I don't think the road electricity project would affect car or truck mileage noticeably. That energy's getting transmitted into the road regardless -- it's just that now it's being used to destroy the road.

joseph said...

I had an idea that if it worked might save gas usage. I dont know a whole lot about cars, but I the air conditioning pump was replaced with an electric pump, one that was not operated by the motor, it seems like that would be less of a drain on the motor. The car would probably need a larger alternator, which would raise the cost of the car some, but in the long run (no joke entended) the car would use less gas while the AC was on.

Sean Fagan said...

There was an article in the news a week or two ago, about a "nanotech" plastic (actually, layers of plastic) that could be used to sieve salt out of water. Or many other substances -- they essentially made little holes in the substance, just large enough for water molecules, and other stuff got filtered out. The article seemed to imply it would be pretty cheap in mass production; it wasn't all that fast... but it wasn't slow, either. If we can get something like that going, I think it could have a huge effect on water availability.

The drive thing.... sorry, it's just not going to work. There has been one laptop sold, that had two drives in it, configured as RAID-1. It failed incredibly. Nobody wanted to pay the price.

However, disk drives are getting nice and cheap. We've got our "Time Machine" thing, which does backups via copies; I suspect that's going to have a huge impact on consumer expectation after a couple of years. Once you've got people expecting to have data backup, then you can start doing things differently.

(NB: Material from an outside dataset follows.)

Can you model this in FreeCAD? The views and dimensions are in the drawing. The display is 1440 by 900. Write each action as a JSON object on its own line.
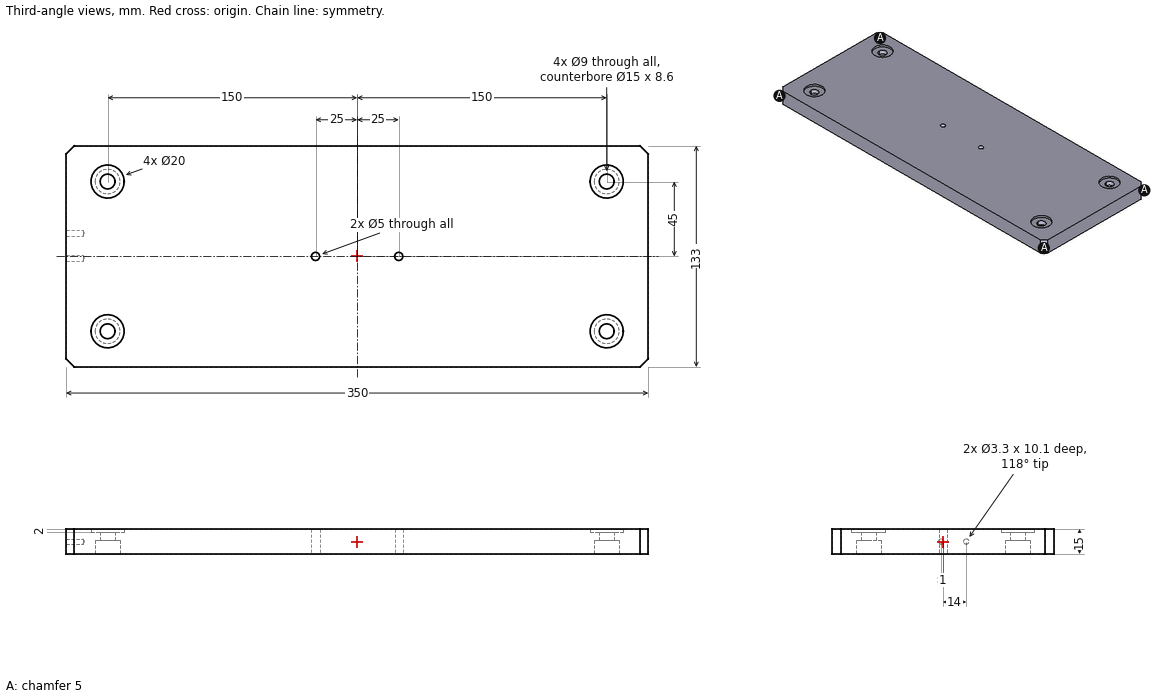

My personal goal, I think, is to set up a little server, with ZFS, and add pairs of drives to the pool. But I'm waiting for some stability, and also an answer to a question about moving data.

breatnyS said...
This comment has been removed by a blog administrator.
Steve Perry said...

Alternative sources of power could make a large dent in what we need -- dams, wind, fuel-cells, wave-action, solar, heat-pumps. Problems are the costs -- start-up, to create the technology and build the generators; regulatory agencies and environmental impact; and transmission from where it is generated to where it is needed.

It's still more cost-effective to crank up a new coal plant than it is to build a windmill farm. With wind, you have to build the things, erect them, and store what they produce. Battery technology is still behind.

Distilling clean water from sea water isn't technically difficult, just more expensive than drilling a hole and pumping it. When we run out of ground water and the rivers all get tapped, the alternatives will kick in.

There's an old HIndu saw: Why spend thirty years learning how to walk on water when there's a boat moored right there ...

Anonymous said...

On drives: The head failure problem will still kill the idea, at least until motherboards know how to query drives via SMART and display warning/error conditions as a light in the case. Sure, some can do that already, on the high end, but it would need to be widespread AND wait for BIOS support to be developed... no one wants to be the manufacturer who promised you data protection but couldn't tell you to replace your drive when one of the heads failed.

Not that it's a bad idea. Some companies are already doing this for their usb/network storage across multiple disks, but they control the hardware there.

On driving electricity: It would still be used to destroy the road (and the expensive generator equipment under the road). Whatever additional energy was extracted would still be generated by the car's engine less efficiently than large-scale generator. (Oh, and I forgot -- you also have to move the plate back up to road level after each car, which will eat up a fair amount of your generated energy too).

On driving air conditioners: I once asked that question of someone who would know (a performance-car mechanic). It's actually more efficient to do it directly.

On sean: I want open-source ZFS on Linux. I like what I've read about it, but not enough to install Solaris.

Steve: Because I want to see the look on everyone's face while I'm standing out there on the waves? ;)

Khyron said...

In the long term, it's NOT more cost-effective to crank up that coal plant. The problem is humans have trouble planning that far ahead, and businesses generally plan for a year.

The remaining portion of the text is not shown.